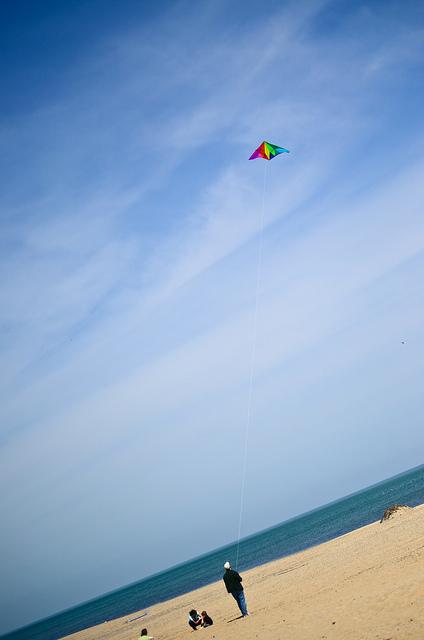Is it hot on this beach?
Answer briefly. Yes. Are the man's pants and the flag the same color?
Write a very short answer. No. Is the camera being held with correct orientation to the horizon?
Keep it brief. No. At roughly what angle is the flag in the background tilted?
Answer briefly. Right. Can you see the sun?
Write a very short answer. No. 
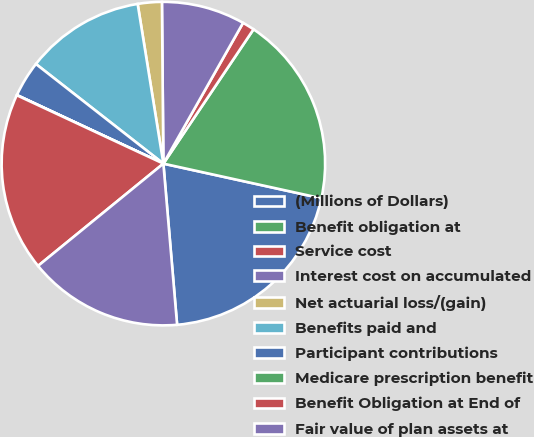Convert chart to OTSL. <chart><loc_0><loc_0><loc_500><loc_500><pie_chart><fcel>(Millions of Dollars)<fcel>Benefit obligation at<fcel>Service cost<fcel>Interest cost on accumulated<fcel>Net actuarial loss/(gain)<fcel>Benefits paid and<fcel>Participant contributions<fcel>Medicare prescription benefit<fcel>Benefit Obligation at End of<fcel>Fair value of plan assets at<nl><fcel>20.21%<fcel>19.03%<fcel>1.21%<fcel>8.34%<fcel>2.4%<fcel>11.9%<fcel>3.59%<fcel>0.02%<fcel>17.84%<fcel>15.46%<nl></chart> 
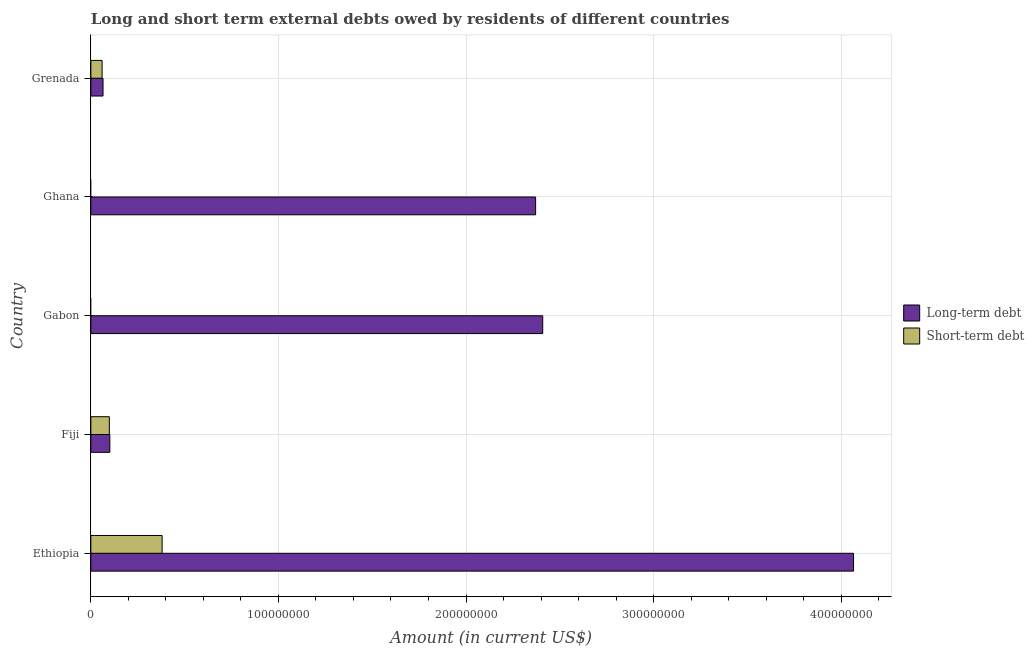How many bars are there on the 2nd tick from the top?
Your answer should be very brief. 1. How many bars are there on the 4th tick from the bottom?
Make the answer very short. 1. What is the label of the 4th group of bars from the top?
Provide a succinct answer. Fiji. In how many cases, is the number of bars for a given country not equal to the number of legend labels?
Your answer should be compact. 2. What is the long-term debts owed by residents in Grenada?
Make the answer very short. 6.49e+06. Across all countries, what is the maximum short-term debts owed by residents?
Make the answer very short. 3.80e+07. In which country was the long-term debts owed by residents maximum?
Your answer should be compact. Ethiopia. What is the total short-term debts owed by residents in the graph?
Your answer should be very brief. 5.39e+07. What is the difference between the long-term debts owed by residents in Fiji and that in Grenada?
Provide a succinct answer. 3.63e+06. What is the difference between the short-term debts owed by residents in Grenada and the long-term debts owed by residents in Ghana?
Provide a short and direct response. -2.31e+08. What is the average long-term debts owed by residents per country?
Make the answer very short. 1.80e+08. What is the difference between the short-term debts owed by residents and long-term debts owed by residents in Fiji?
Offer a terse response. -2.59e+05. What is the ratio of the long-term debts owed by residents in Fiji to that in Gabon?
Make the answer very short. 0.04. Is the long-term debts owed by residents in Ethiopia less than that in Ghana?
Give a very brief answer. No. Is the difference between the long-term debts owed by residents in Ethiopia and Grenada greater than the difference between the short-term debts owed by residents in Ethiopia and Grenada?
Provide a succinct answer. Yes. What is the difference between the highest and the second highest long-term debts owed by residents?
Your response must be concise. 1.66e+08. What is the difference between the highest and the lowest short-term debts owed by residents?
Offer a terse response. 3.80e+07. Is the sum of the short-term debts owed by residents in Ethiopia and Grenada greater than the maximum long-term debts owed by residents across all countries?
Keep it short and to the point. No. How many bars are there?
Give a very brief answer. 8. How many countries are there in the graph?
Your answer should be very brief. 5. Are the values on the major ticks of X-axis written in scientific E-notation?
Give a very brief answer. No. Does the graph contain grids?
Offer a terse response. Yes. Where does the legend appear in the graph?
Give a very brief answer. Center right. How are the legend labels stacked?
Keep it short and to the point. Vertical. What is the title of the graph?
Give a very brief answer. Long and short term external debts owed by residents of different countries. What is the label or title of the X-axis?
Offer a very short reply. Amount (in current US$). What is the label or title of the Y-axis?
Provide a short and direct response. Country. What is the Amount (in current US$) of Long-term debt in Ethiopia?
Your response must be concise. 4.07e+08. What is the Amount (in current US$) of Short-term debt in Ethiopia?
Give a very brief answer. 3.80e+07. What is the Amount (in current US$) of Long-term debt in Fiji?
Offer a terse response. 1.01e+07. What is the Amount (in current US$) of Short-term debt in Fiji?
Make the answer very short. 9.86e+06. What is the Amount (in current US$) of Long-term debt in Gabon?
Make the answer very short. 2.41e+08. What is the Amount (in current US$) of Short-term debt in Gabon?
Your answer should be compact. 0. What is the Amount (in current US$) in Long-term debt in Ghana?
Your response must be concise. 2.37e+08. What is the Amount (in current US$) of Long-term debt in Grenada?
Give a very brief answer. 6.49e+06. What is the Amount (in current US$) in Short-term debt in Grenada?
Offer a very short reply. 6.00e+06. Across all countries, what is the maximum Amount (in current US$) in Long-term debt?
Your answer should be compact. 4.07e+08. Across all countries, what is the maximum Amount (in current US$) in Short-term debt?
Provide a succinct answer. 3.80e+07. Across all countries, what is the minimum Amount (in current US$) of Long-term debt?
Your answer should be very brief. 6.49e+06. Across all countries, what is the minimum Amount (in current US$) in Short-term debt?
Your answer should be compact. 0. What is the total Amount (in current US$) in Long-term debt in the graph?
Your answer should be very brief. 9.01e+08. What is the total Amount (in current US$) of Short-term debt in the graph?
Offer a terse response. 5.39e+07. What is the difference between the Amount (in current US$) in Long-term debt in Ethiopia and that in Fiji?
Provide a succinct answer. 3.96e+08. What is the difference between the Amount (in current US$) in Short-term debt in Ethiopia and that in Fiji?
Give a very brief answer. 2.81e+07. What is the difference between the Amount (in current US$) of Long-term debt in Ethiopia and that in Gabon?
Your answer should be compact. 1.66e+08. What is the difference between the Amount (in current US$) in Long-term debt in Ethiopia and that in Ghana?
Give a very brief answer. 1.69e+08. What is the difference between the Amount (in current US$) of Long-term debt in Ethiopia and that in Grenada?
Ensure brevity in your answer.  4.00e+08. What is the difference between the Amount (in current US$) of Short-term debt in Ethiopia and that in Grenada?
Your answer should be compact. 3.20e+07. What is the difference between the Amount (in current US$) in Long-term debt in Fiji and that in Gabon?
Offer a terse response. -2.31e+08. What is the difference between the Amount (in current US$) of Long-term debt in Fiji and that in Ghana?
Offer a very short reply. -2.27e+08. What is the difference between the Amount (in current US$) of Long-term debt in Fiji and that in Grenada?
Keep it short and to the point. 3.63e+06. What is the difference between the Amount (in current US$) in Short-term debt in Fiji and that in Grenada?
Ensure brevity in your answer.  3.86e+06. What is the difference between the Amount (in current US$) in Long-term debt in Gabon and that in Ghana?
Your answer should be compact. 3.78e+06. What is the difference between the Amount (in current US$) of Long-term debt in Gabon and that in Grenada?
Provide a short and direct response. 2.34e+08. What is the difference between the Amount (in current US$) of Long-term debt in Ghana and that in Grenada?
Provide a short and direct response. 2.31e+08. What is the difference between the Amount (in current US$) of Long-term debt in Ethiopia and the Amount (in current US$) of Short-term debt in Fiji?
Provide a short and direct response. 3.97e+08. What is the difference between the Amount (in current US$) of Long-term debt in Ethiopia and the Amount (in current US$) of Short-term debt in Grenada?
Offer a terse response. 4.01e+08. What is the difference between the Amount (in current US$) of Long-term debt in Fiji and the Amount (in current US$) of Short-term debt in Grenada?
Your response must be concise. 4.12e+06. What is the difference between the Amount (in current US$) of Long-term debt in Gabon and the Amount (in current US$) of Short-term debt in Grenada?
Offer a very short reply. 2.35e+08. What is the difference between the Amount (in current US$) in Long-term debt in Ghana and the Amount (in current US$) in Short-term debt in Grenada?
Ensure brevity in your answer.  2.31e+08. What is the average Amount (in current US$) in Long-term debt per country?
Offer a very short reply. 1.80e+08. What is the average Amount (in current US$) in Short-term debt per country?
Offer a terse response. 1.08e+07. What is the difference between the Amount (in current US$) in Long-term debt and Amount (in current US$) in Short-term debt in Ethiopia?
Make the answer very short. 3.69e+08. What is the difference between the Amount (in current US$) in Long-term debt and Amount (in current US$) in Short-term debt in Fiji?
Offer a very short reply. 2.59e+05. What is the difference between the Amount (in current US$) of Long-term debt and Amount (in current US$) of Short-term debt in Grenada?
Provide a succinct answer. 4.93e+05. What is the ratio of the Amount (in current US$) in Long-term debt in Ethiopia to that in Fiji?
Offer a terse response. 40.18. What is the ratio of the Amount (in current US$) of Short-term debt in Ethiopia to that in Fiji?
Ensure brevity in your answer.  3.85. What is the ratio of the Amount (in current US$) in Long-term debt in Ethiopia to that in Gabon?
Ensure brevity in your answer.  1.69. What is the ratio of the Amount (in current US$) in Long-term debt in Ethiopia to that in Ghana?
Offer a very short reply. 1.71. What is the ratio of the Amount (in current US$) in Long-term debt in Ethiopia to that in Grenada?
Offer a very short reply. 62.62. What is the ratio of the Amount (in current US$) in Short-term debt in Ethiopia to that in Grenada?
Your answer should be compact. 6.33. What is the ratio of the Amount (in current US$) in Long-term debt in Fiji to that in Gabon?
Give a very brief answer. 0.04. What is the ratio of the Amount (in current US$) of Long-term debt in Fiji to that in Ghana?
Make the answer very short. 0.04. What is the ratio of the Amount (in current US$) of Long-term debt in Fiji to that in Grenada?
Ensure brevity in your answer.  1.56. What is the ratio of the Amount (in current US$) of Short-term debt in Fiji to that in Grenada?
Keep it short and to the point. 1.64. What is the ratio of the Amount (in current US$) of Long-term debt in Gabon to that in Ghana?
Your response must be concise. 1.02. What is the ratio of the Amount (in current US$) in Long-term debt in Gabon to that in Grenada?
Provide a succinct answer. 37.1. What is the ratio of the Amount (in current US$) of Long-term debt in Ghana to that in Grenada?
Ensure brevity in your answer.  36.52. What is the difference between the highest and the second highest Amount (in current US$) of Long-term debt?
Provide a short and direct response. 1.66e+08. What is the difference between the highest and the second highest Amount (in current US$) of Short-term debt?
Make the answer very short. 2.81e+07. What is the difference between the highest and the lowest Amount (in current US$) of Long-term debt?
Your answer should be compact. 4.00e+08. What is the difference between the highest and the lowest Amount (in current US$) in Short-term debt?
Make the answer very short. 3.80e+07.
= = = =
### What you need to do
Return, from the data above, each line in which the string "labels" appears.

### Your solution
Provide a succinct answer. Fiji. In how many cases, is the number of bars for a given country not equal to the number of legend labels?
Give a very brief answer. Center right. How are the legend labels stacked?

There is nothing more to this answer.